家まで一本道、って所にきたら、遠くから可愛らしい声が聞こえた。
「あーっ、ゆきにぃーっ!!」
「ん?マナ?・・・って、そんな慌てて走ってきたら転、」
「うぎゃぁ」
「マナっ!!」
ぎりぎりセーフで、マナの体とアスファルトの間に入る。
両腕に抱え込んだマナは腕があまる位小柄で・・・すごく、甘い匂いがした。
それはもう、大量の砂糖菓子が目の前にドンと置かれたぐらい、強烈な甘い匂い。
「うぅーっ」
「え・・・あ、ま、マナ!?大丈夫か!?」
「ゅきにぃーっ」
「何処か痛いのか・・・?」
「・・・ボロボロになっちゃったぁーぅぅっ」
「ぼ、ぼろぼろ?」
わけが分からなく、とりあえず、抱え込んだマナを惜しみながらも立たせ、埃を払う事にした。
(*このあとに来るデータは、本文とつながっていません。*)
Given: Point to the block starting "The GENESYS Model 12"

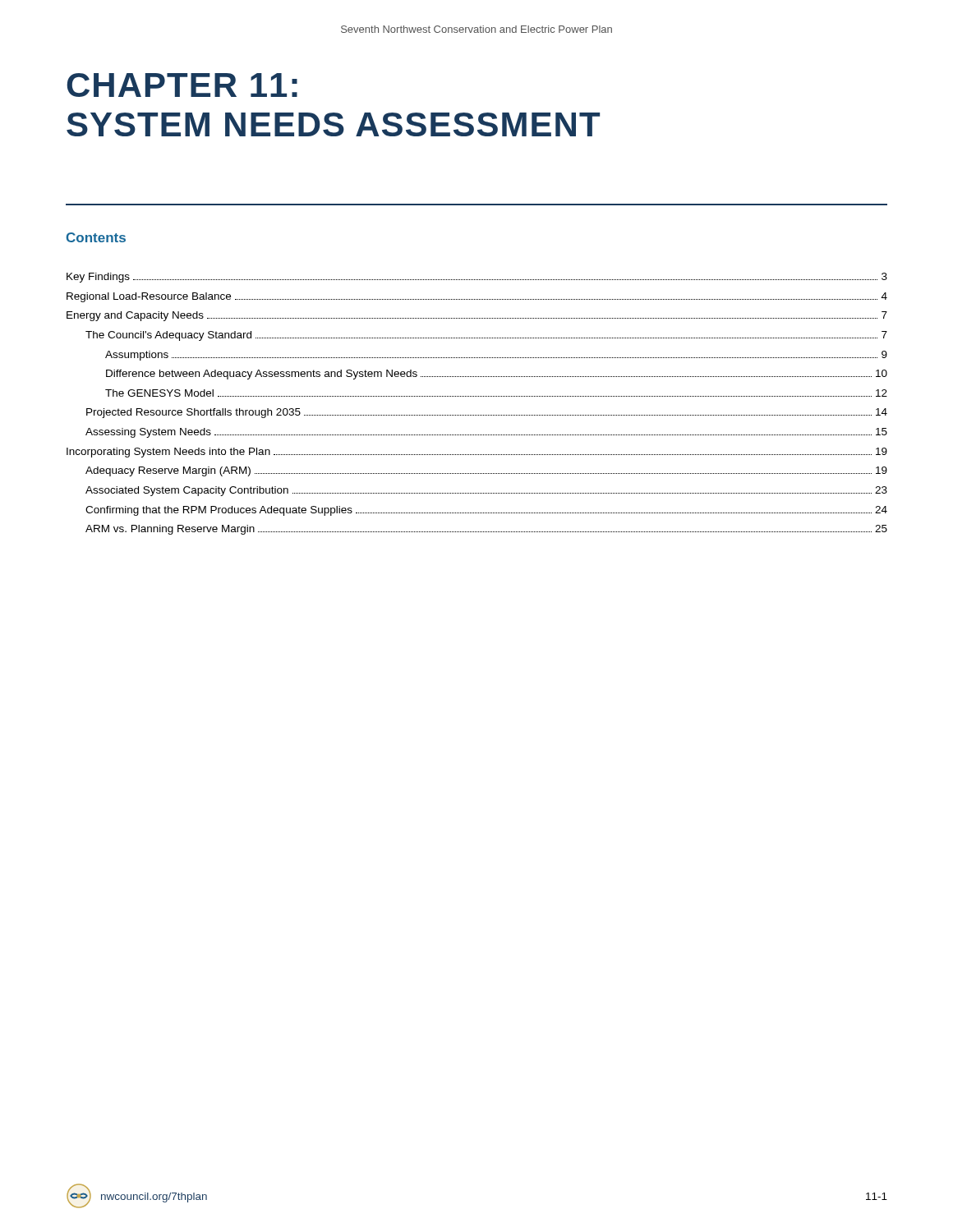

ふと、マナが胸元に何かを抱えていることに気がついた。
「ねぇ、マナ」
「なぁに?」
「何を、大事に持っているの?」
「・・・ボロボロになっちゃったの」
「うん、大丈夫。ボロボロでも、気にしないで見せてごらん?」
「・・・せっかく、おかーさんと、作ったのに、ゆきにぃーに、食べてもらおうと思ったのに」
「え?」
そう言って、恐る恐る腕を解いたマナ。
そこには、ビニール袋に入って・・・ボロボロになった・・・
「あーっと、んー・・・ドーナツ?」
「ぅん・・・ちゃんと、わっかだったの、でも・・・ごめんなさい」
「え、あ、いや・・・なんで、謝るの?」
「お菓子の日、でしょ?」
「お菓子・・・?」
「ゆきにぃーと、お菓子交換するの」
「・・・お菓子交換・・・?んと、ホワイトデーだからってこと、かな」
「ほぉわいとでぇー?」
「っ、あはは、うん、わかったわかった。お菓子交換しよう、ね?」
「でも、ボロボロ・・・」
「いいんだよ。マナが作ってくれたんだろ?」
「ぅん」
「嬉しいよ、ありがとう」
そして、マナが抱えてる袋から、欠片をつまみ、口に入れる。
・・・砂糖の味。
たぶん、マナのおばさんが、揚げたドーナツに、マナが砂糖をつけたんだろう。
その様子が、簡単に想像できて・・・自然と笑顔がこぼれる。
「うん、美味しい」
ようやく笑顔になった、マナ。
「ほんと?」
「ほんとほんと。ほら、お家に帰ろ?」
「うん!」
マナの手を引き、家に急ぐ。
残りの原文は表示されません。